Placental extracellular vesicles (pEVs) are known to cause endothelial cell activation in vitro1 and are heavily implicated in the development of preeclampsia2. Early-onset preeclampsia is associated with postpartum arterial stiffness, microvascular dysfunction and chronic hypertension; however, it is unknown whether pEVs are responsible for these lingering vascular changes. This study aimed to evaluate the effects of pEVs on maternal vascular function in spontaneously hypertensive rats (SHRs).
pEVs were isolated from cultured human term-placenta explants from either normotensive (n=7) or early-onset preeclamptic pregnancies (n=5). Each rat received 5 intravenous injections (315 μg protein each) of EVs obtained from one placenta, between days 8-18 of pregnancy. Two weeks postpartum, the function of second and third-order mesenteric arteries were evaluated using wire myography.

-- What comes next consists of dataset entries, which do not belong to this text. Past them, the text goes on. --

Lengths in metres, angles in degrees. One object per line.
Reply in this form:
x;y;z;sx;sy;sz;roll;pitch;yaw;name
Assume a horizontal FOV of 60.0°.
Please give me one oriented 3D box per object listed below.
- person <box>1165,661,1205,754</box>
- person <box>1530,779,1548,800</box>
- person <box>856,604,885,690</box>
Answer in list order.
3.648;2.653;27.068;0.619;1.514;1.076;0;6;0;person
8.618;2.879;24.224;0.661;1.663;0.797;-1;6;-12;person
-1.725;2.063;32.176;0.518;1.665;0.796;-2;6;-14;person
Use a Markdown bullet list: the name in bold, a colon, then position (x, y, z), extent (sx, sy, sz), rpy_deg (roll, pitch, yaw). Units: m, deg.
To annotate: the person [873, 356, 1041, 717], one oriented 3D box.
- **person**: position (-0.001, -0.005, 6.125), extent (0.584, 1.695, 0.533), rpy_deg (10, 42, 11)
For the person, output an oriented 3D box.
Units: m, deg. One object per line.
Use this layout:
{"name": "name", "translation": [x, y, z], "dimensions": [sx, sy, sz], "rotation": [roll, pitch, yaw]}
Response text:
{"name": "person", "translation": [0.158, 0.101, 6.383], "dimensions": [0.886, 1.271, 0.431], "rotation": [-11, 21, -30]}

Resistance arteries from SHRs that received pEVs from early-onset preeclamptic pregnancies were more responsive to the vasoconstrictor U46619, a thromboxane A2 analogue, than vessels from the normotensive group (p<0.0001). There were no differences in vessel response to vasoconstrictors, phenylephrine or endothelin-1 (p=0.2735 and p=0.1590, respectively). Vessels from SHRs in the early-onset treatment group were less responsive to the vasodilator acetylcholine than the normotensive treatment group (p=0.0112). There was no difference in response to the vasodilator sodium nitroprusside (p=0.6215).
U46619 and acetylcholine both act on the vasculature in an endothelium-dependent manner. Whereas phenylephrine, endothelin-1 and sodium nitroprusside are endothelium-independent. These results suggest that preeclamptic pEVs interact with endothelial cells during pregnancy to produce lasting negative effects on the maternal vasculature. Ongoing effects of preeclamptic pEVs in early postpartum may be an indication of long-term changes to the maternal vasculature after a preeclamptic pregnancy. Further investigation will be required to establish whether EVs from preeclamptic placentae are, at least partly, responsible for the increased risk of vascular dysfunction and hypertension after pregnancy in women affected by early-onset preeclampsia.